Jason Moran
Jason Moran
Dandelion, 2020
Pigment on gampi paper
Wiess House
Jazz pianist, composer, and multimedia artist Jason Moran works at the intersection of visual art and music. By exploring the boundaries between the stage, sculpture, and performance, Moran considers the generative possibilities of composition and improvisation and draws attention to the rich history of American jazz. Following his interest in the experience of live music and its often-ephemeral afterlife, Moran’s work has taken many forms, ranging from video and works on paper to staging performances within set-like installations.

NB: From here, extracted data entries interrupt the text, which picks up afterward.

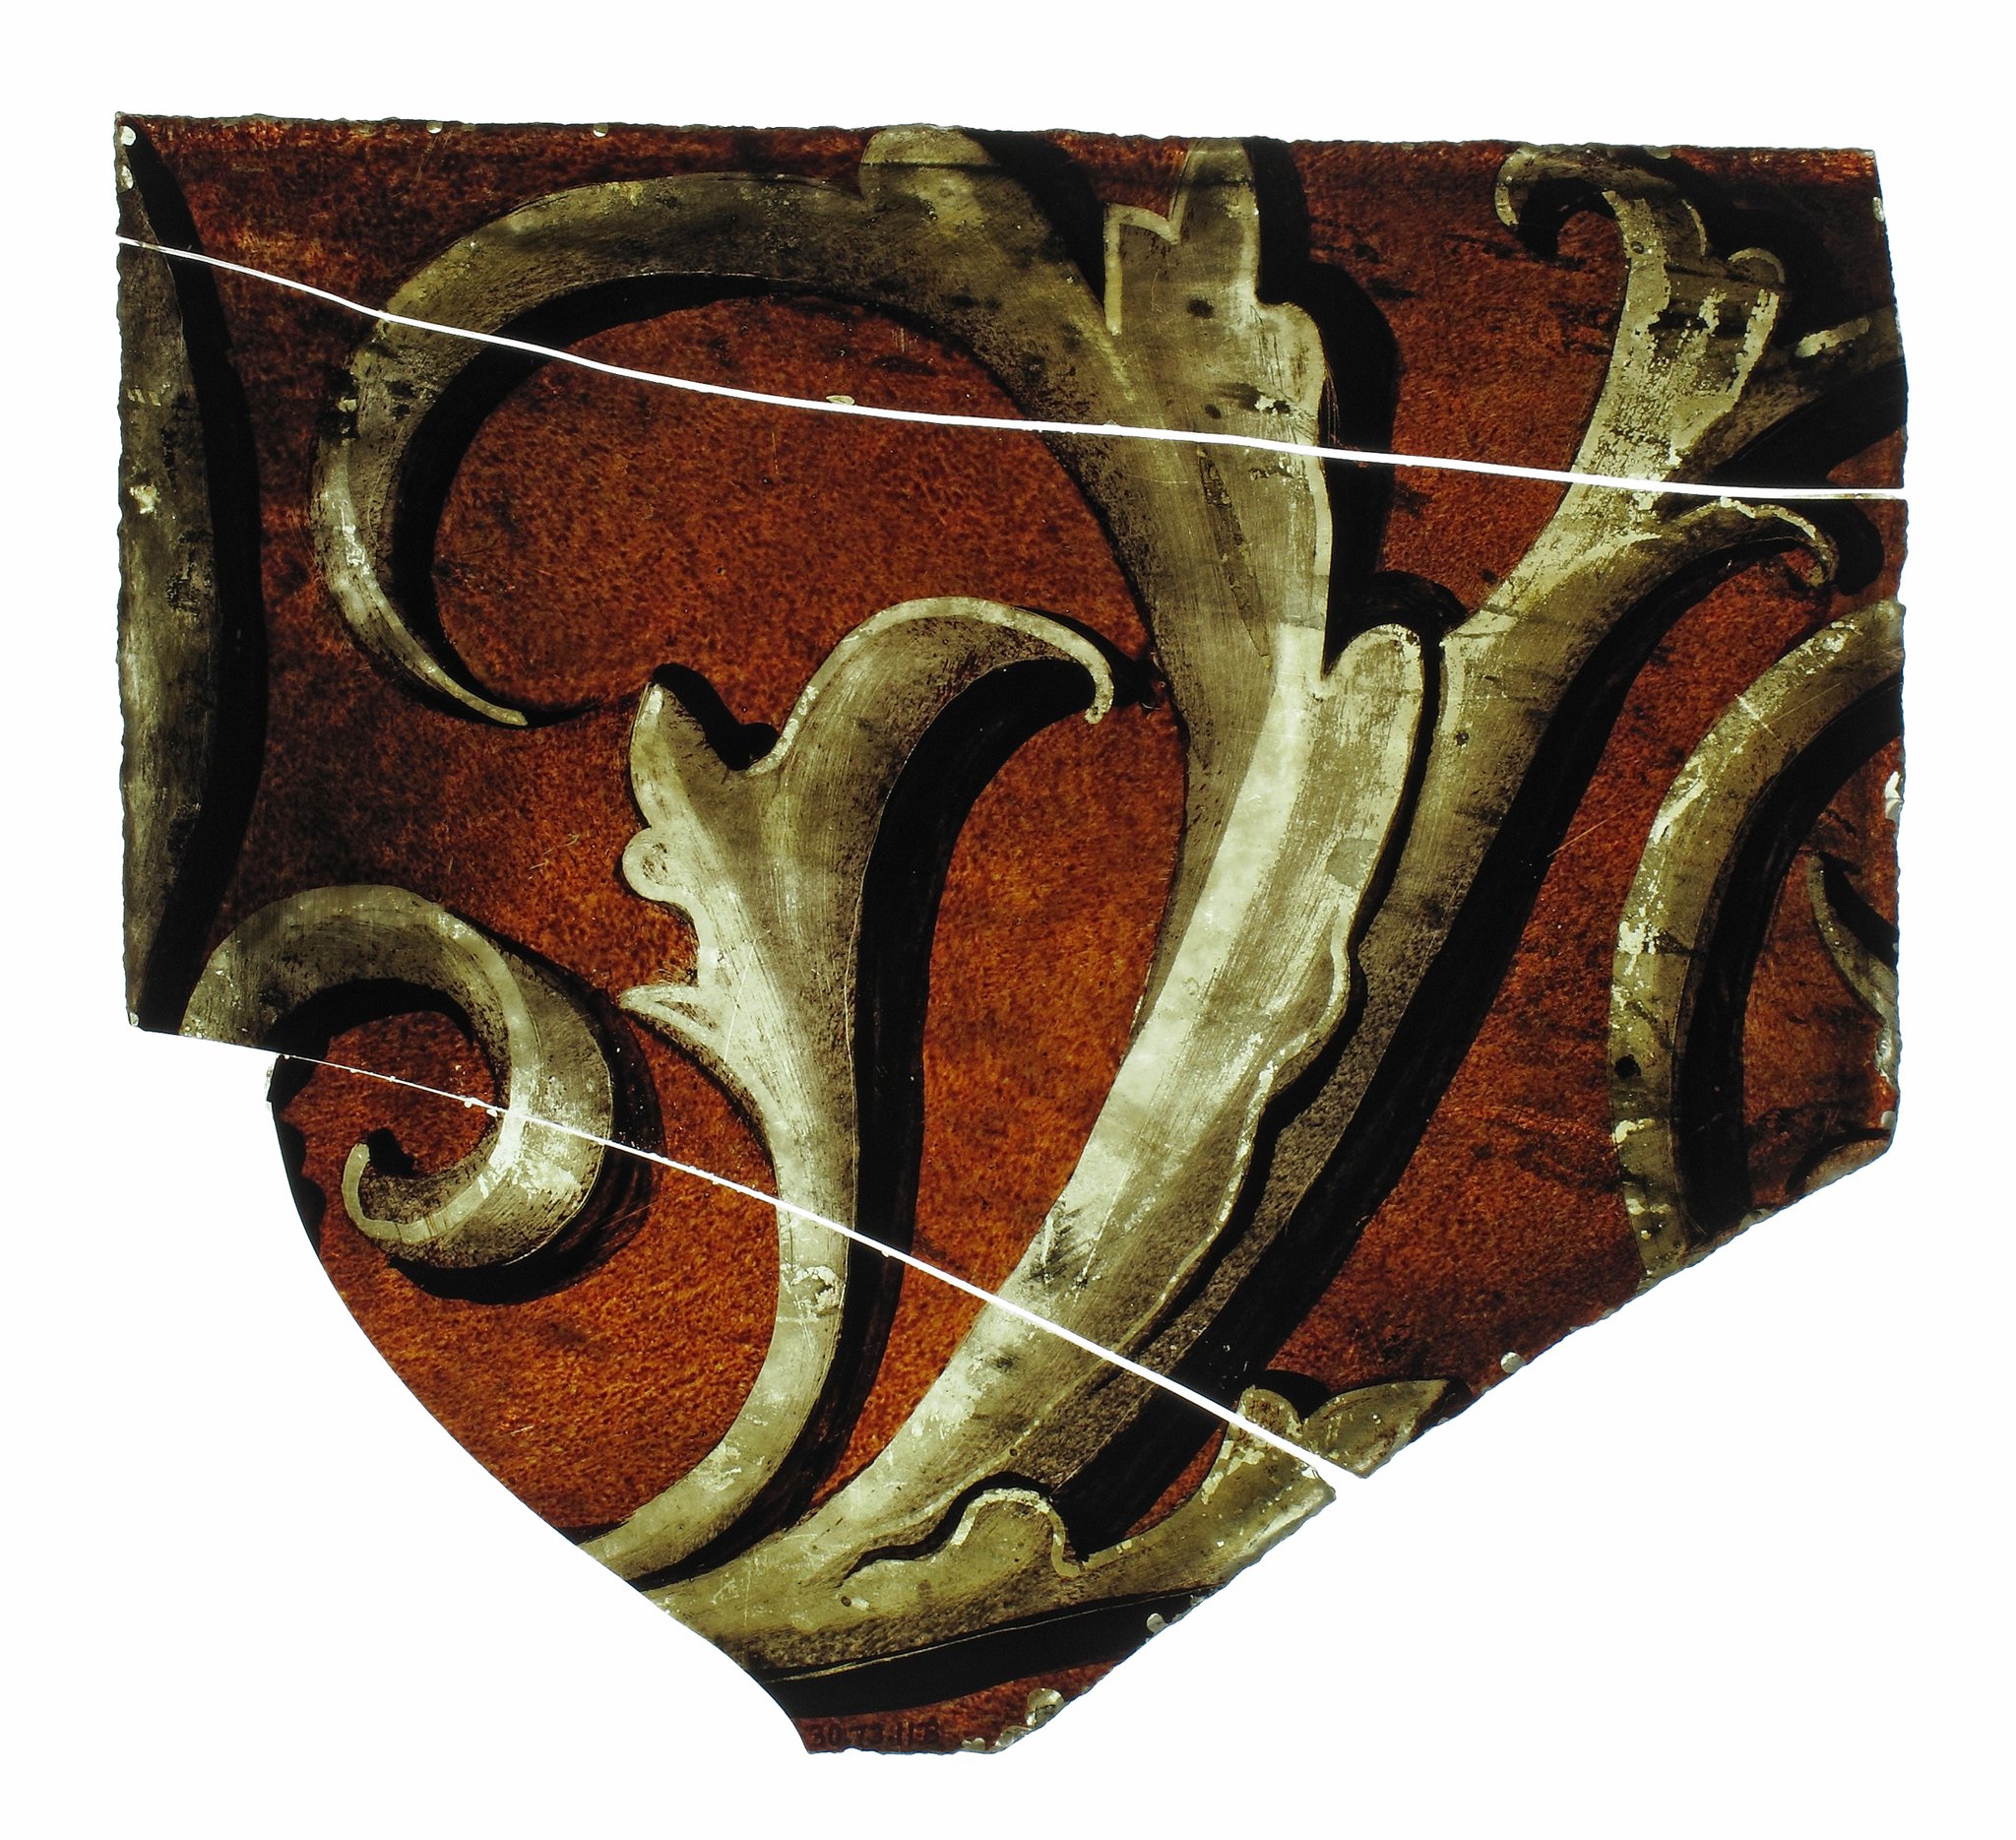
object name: fragment
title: Glass Fragment
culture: european
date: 1601-1900
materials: glass
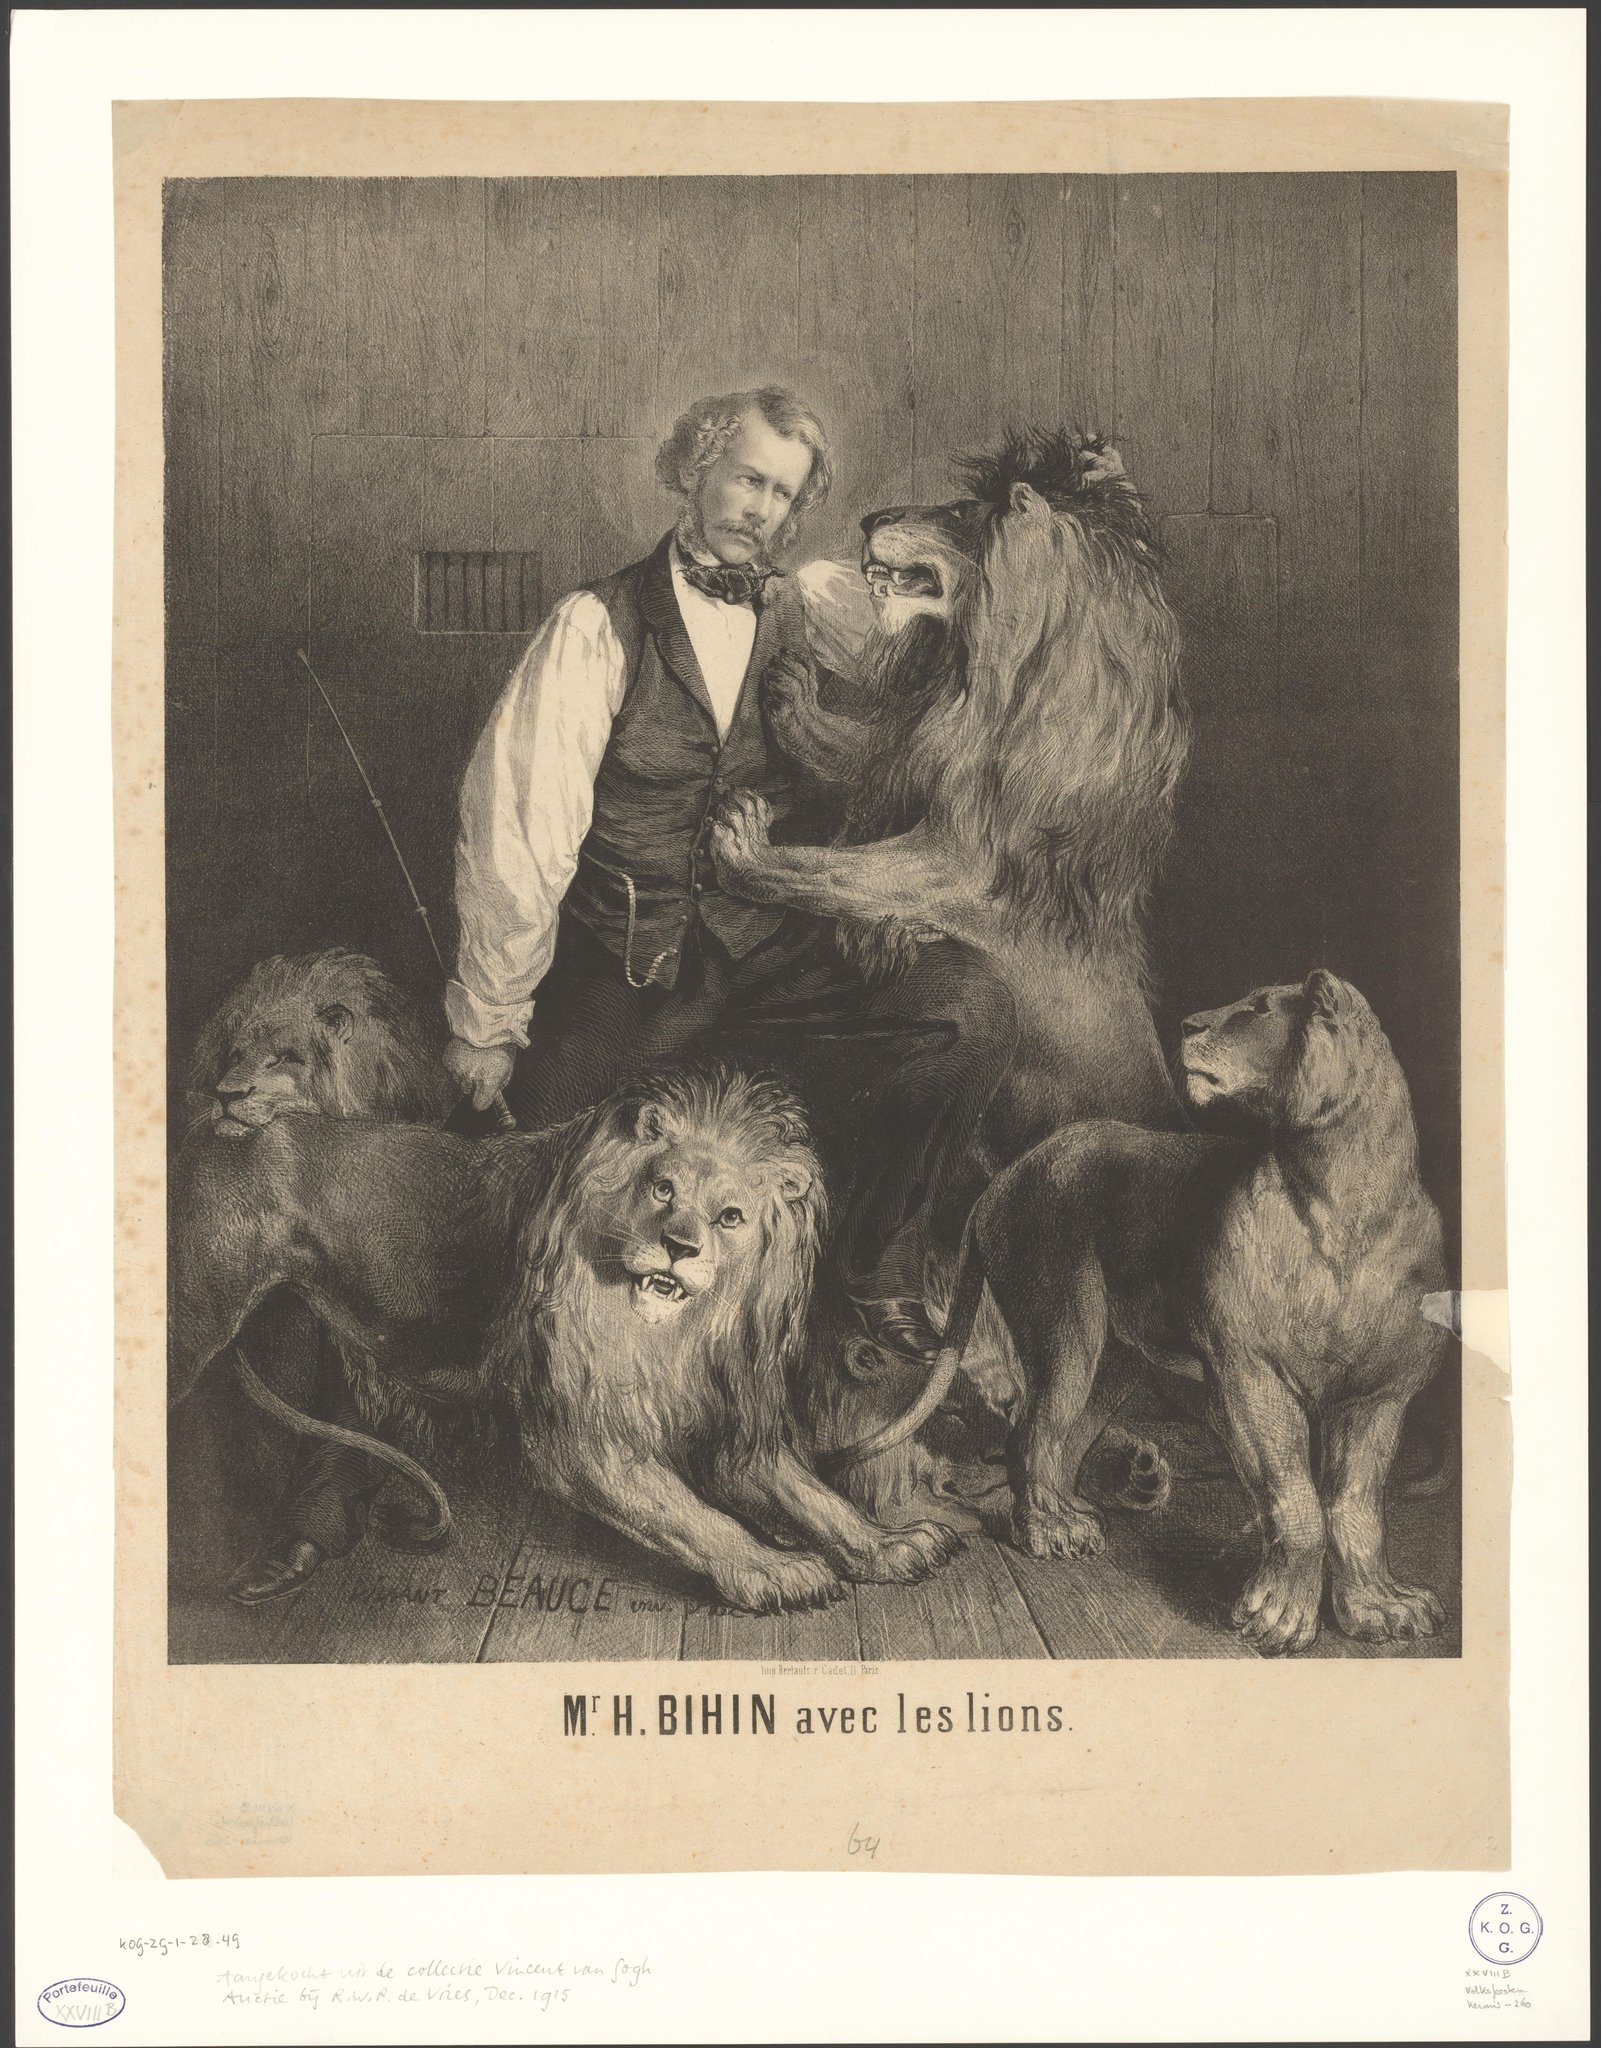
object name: print
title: Leeuwentemmer H. Bihin met vier leeuwen
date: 1851-1865
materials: paper
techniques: lithograph
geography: paris
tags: lions and tigers (circus performance)
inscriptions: collector's mark: Lugt 1641, stamp
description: Onderwerpsrubrieken binnen de Atlas Zeden en Gewoonten: Zeden en Gewoonten in Engeren Zin. Volksleven. Volksfeesten. Circusmenschen, dierentemmers, acrobaten, goochelaars, en dergelijken.
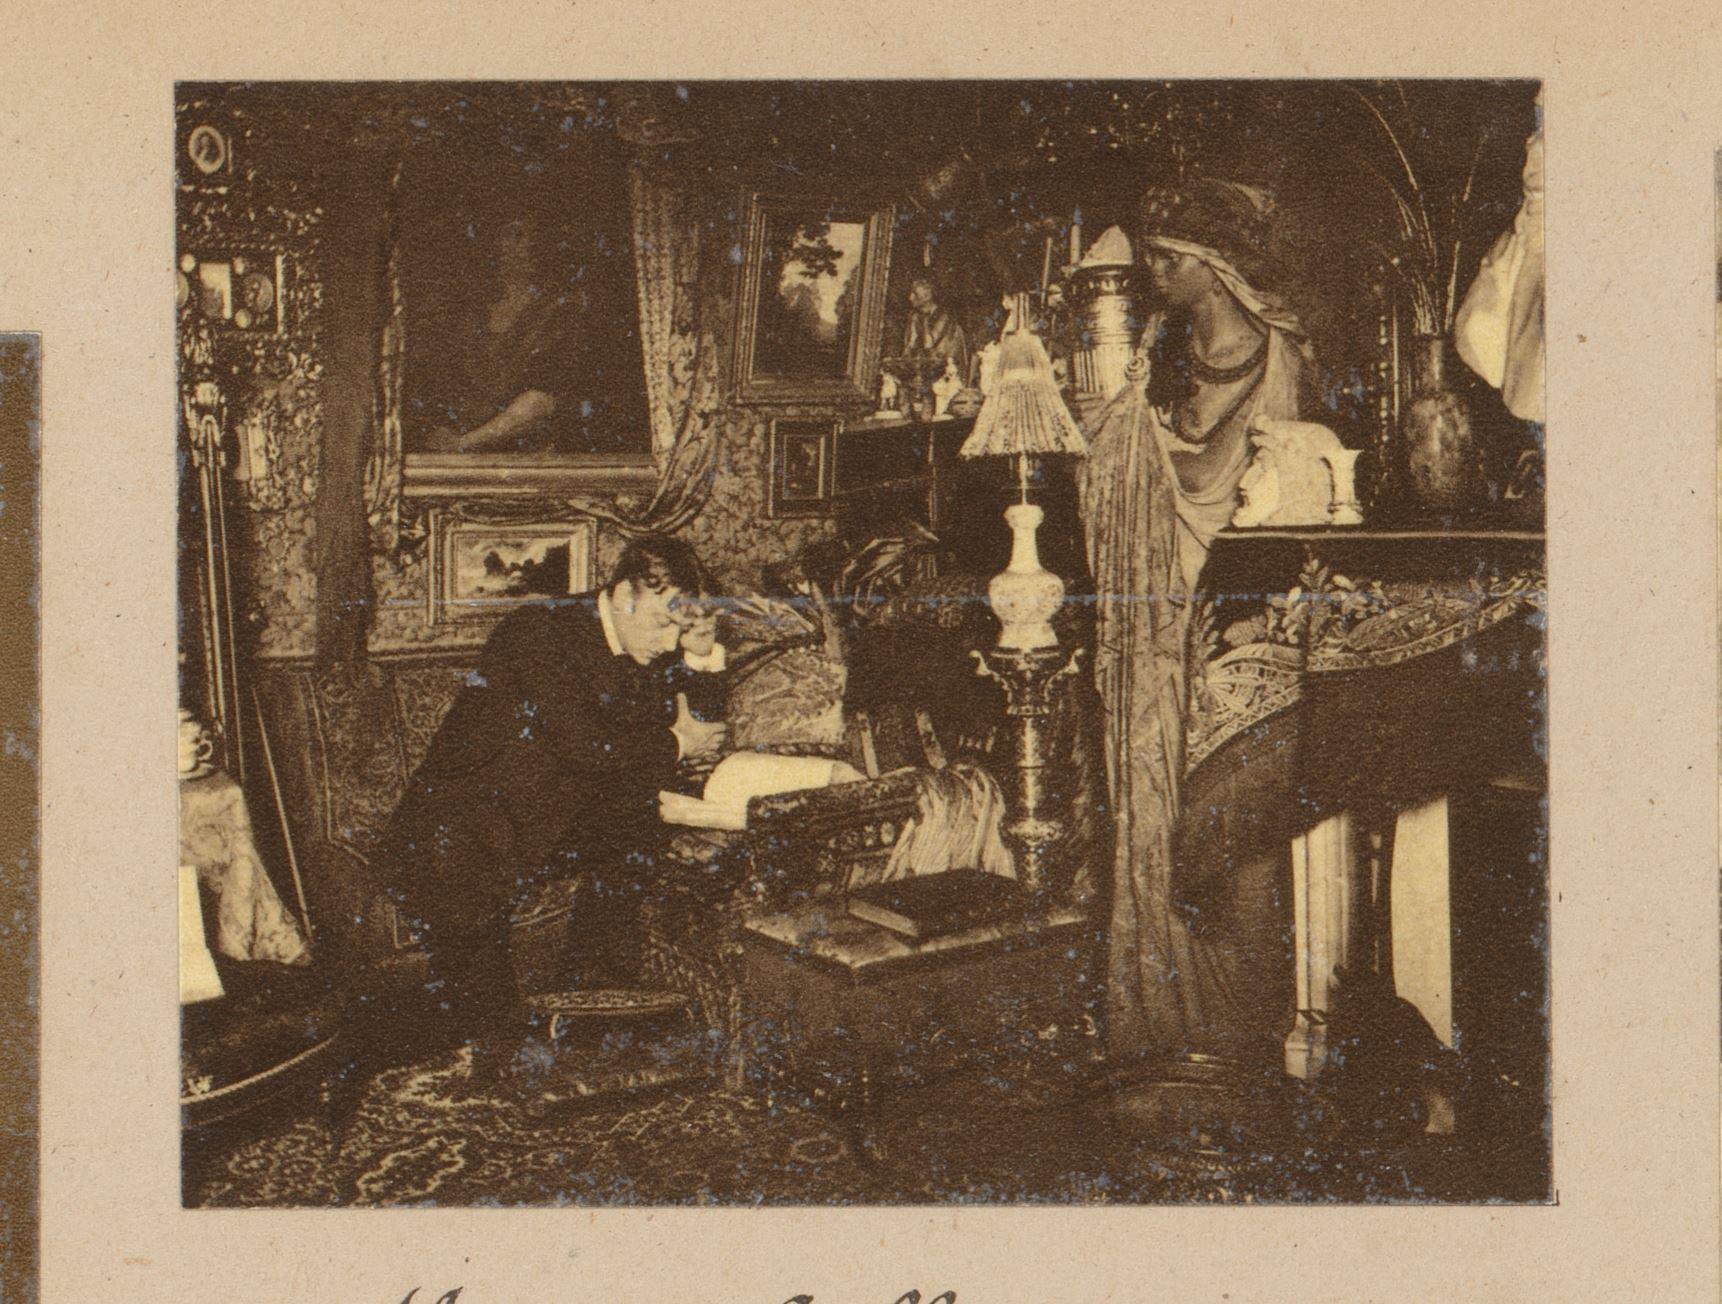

Dandelion grew out of a series that Moran began in 2015, in which he used his piano as an instrument to draw and experiment with mark-making, extending his engagement with improvisation. The artist created the work by layering gampi paper over the keys of a piano, then coating the paper with dry pigment and performing. Moran describes such works as sonic paintings, leaving a trace of his hands as they move across the keyboard. In effect, the accumulation of marks becomes a score, recording the artist’s gestures at the piano. The resulting abstract composition registers the physical expression of music, both of the instrument and the body of the performer.
About the artist: Jason Moran (b. 1975, Houston, TX) attended the Manhattan School of Music in New York in 1997, where he studied with John Arthur “Jaki” Byard. In 1999, he released his debut album, Soundtrack to Human Motion, with Blue Note Records. Moran has collaborated with visual and performing artists, receiving commissions for compositions from institutions, such as the Walker Art Center, Dia Art Foundation, and Lincoln Center. He taught at the New England Conservatory of Music (2010–2016) and served as the Artistic Director for Jazz at the John F. Kennedy Center for the Performing Arts in Washington, DC (2014–2021). In 2010, he was named a MacArthur Fellow and in 2014 he was a Grammy nominee.
In 2015, Moran exhibited the first of his “set” sculptures at the Venice Biennale. In 2018, he had his first solo museum exhibition at the Walker Art Center, Minneapolis, MN, that subsequently traveled to the Institute of Contemporary Art, Boston, the Wexner Center for the Arts, Columbus, OH, and the Whitney Museum of American Art, New York. His work is represented in numerous public collections, including the Getty Research Institute, Los Angeles; the Museum of Fine Arts, Houston; the Museum of Modern Art, New York; and the Walker Art Center, Minneapolis, MN, among others.